Fimela.com, Jakarta Ada luka yang tidak tampak di permukaan, tetapi terus memengaruhi cara kita memandang diri sendiri dan dunia di sekitar kita. Luka itu tidak selalu lahir dari peristiwa besar, melainkan bisa dari hal-hal sederhana yang diabaikan saat kecil, yang tidak merasa cukup dicintai, tidak merasa aman, atau bahkan tidak mendapat validasi atas perasaan sendiri.
Marissa Anita, melalui salah satu twitnya di X, menekankan bahwa banyak orang tumbuh tanpa rasa aman atau kasih sayang yang cukup di masa kanak-kanak. Ia mengingatkan bahwa masa dewasa bisa menjadi ruang penyembuhan baru, tempat kita belajar memberi diri kita sendiri apa yang dulu tidak kita dapatkan. Proses inilah yang dikenal sebagai reparenting, seni menjadi “orang tua baru” bagi diri sendiri dengan kasih sayang, penerimaan, dan kepedulian.
Menemukan Jalan Baru lewat Reparenting
Di dalam diri setiap orang ada seorang anak kecil yang masih hidup, yang kadang ceria, kadang terluka. Anak kecil itu bisa muncul lewat rasa takut gagal yang berlebihan, kecenderungan mencari validasi, atau bahkan perasaan bersalah tanpa alasan yang jelas. Ia adalah inner child, bagian dari diri kita yang menyimpan jejak pengalaman masa kecil, baik yang indah maupun yang menyakitkan. Sayangnya, tidak semua orang tumbuh dengan rasa aman atau dicintai sepenuhnya.
Ketika kebutuhan dasar itu tidak terpenuhi, jejaknya terbawa hingga dewasa dan memengaruhi cara kita menjalani hidup.

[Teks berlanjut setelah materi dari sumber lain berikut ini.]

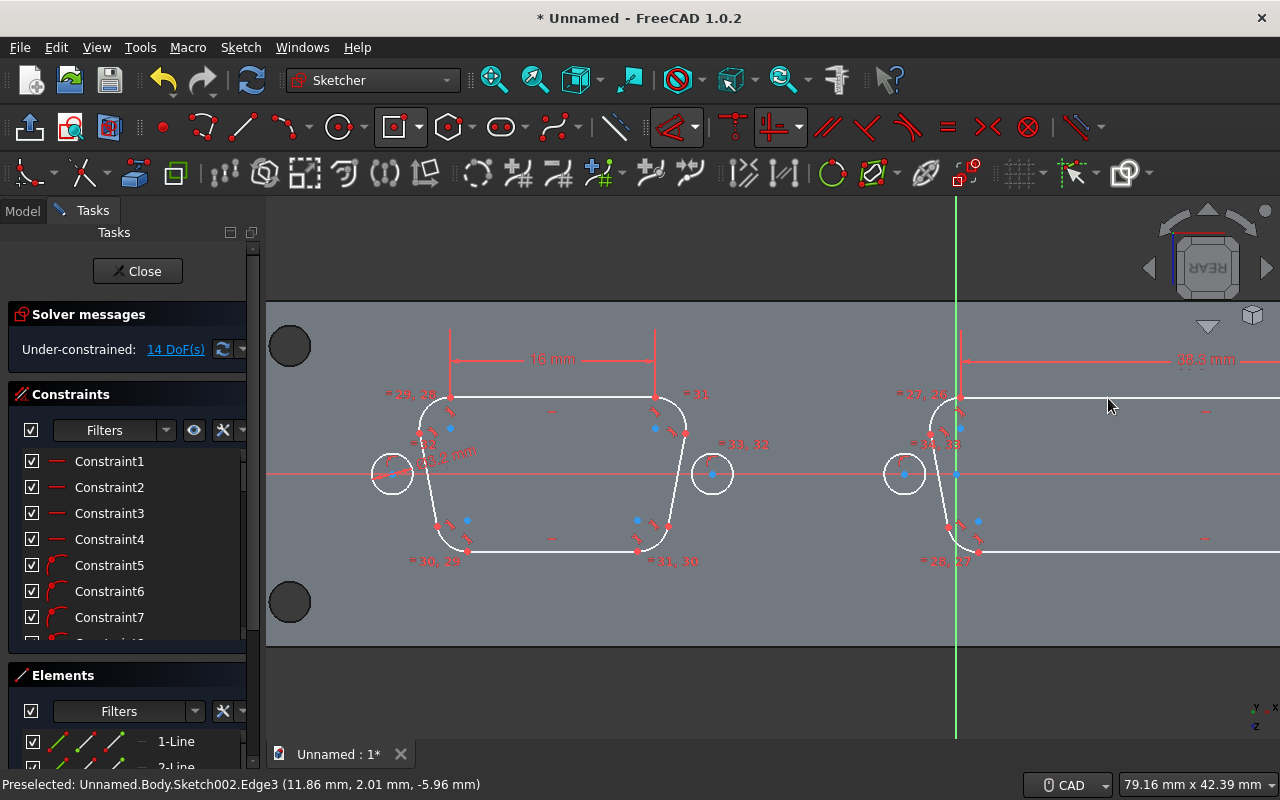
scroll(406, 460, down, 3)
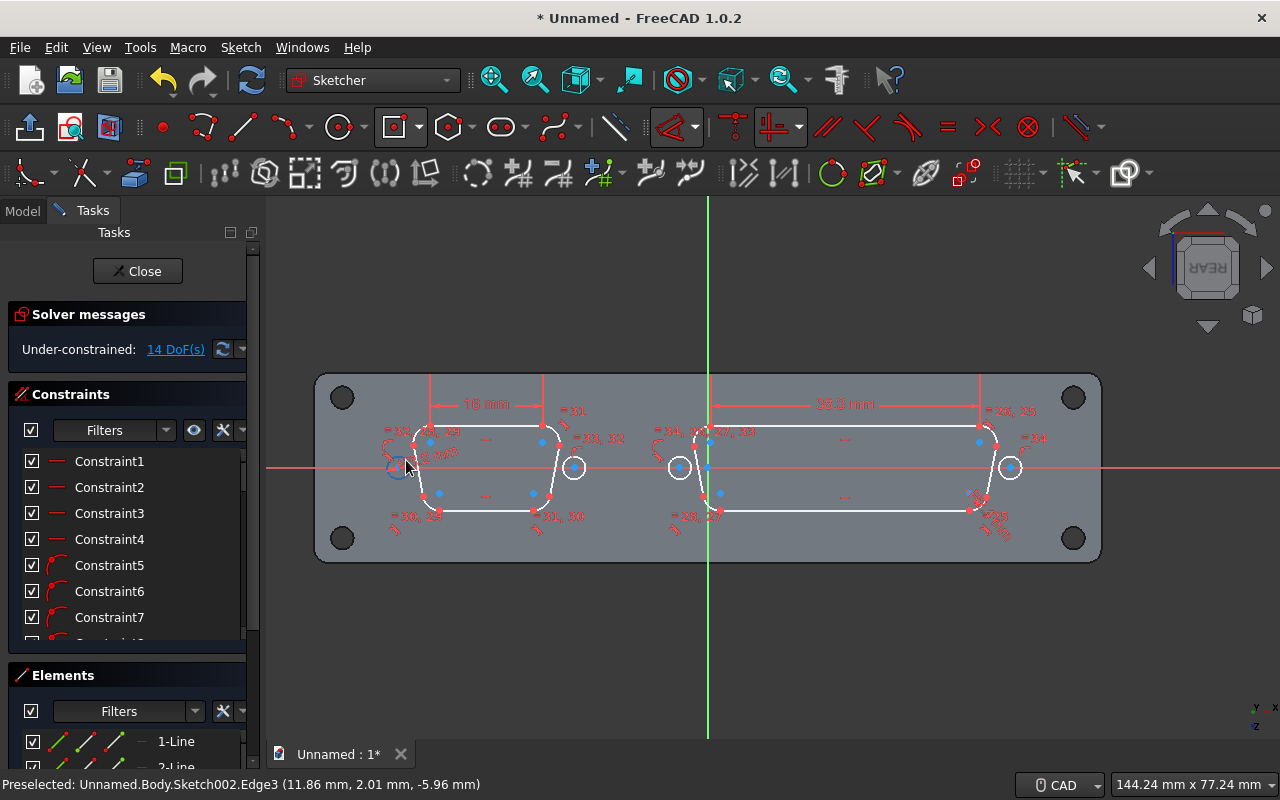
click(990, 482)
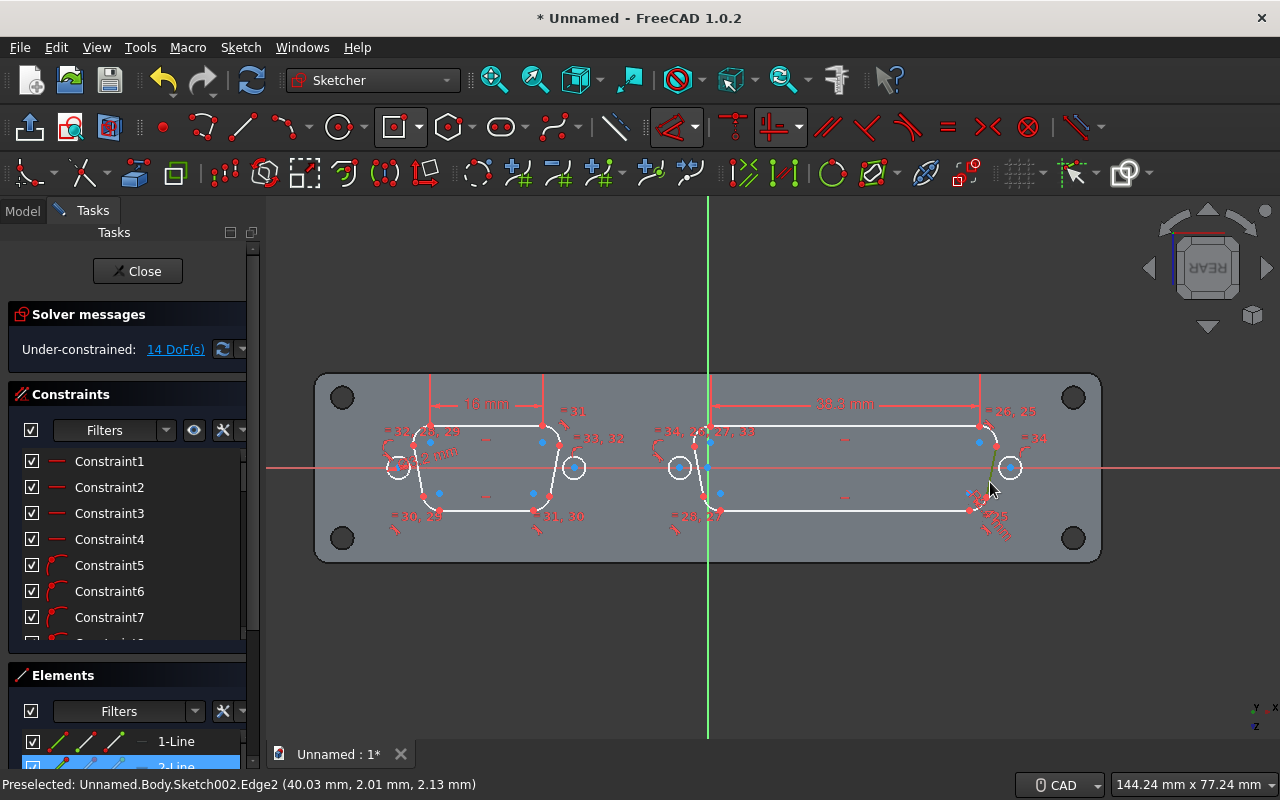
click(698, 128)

Di sinilah reparenting menjadi penting, yaitu sebuah proses belajar menjadi orang tua baru bagi diri sendiri atau pengasuhan ulang di usia dewasa , yang memberi perhatian, kasih sayang, dan validasi yang dulu mungkin tidak kita dapatkan. Dengan merawat inner child, kita membuka jalan untuk penyembuhan, pertumbuhan, dan menemukan kembali keutuhan diri.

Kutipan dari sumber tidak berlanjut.